It can be replaced by

struct SyncUnsafeCell<T>(UnsafeCell<T>);
unsafe impl<T> Sync for SyncUnsafeCell<T>;

static NAME: SyncUnsafeCell<T> = ...;

Should libcore provide a RacyUnsafeCell type?

Deprecating this would be less of a pain if there was a clear migration path towards something better like a note in the deprecation warning suggesting using RacyUnsafeCell instead.

Also, +1 on deprecating static mut first, and turning that into an error in the future. There is a lot of tooling in charge of interfacing with C (rust-bindgen, ctest, ...) that might need to start using RacyUnsafeCell instead of static mut for these types of things. cc @emilio

The burden is on someone arguing that it can't to demonstrate why not.

That's completely illogical. On the contrary, the burden is on the person arguing that it can be used to replace an existing feature.

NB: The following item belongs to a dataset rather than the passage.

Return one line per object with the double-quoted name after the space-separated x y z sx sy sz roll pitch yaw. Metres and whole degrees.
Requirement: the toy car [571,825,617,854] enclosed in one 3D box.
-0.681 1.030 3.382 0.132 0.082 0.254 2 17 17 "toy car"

The status quo should be the default view. It seems @RalfJung may have made a good case tohugh.

That was already done in August though. Why are we rehashing it?

What was already done in August?

@RalfJung @alercah @gnzlbg would you perhaps be willing to make this actionable by writing an RFC with an "alternatives + deprecation in 2018 -> hard error in Edition.Next"-plan which also takes into account @japaric's concerns? Maybe y'all can collaborate on this?

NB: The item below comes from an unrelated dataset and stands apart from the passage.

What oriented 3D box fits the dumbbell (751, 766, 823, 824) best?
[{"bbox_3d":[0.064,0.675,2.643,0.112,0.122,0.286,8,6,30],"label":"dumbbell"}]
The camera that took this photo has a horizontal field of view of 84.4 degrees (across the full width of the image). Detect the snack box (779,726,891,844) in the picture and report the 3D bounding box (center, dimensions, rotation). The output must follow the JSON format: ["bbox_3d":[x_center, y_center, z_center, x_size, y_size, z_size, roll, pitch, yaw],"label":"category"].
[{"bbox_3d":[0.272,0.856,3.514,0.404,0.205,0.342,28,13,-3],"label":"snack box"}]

I got two other RFCs I still want to write that I care about more strongly, so I don't think I'd get to this one any time soon -- sorry.

I also don't have time for this, unfortunately.

I don't see the point of doing this since all the accesses are unsafe by default. I don't know what the FFI story is for this is but please do consider it :)

I'd like to see a demonstration or at the very least hand-wavy explanation that the proposed generic replacement for static mut has equivalent-or-better performance characteristics. This is essential for any proposal to deprecate a feature.

Take a look at the IR for this example. I used FFI functions to prevent optimization of the loads and stores away. If you look at the IR, you'll see that both stores to the statics are optimized down to a single store instruction.

It's not a comprehensive proof, of course, but it demonstrates that the optimizer can figure this out.

@alercah Thanks. That's good to know. I'm somewhat less opposed to the proposal now, especially if this optimisation holds on all platforms... even though there still exist other reasons for maintaining it (namely uniformity and the fact has already opened the door to UB by using unsafe, so why bother).

#55207 (comment) proposes redefining UnsafeCell to be based on a new type that would be Copy (and become the lang item). That same type could also be Sync and play the role of RacyUnsafeCell.

eddyb commented

@alexreg UnsafeCell is supposed to be a zero-cost abstraction, to the point where any observable difference between T and UnsafeCell<T> is an outright codegen bug.

As for FFI, UnsafeCell and RacyUnsafeCell should be #[repr(transparent)], meaning that extern { static X: RacyUnsafeCell<T>; } should work as well as extern { static mut X: T }.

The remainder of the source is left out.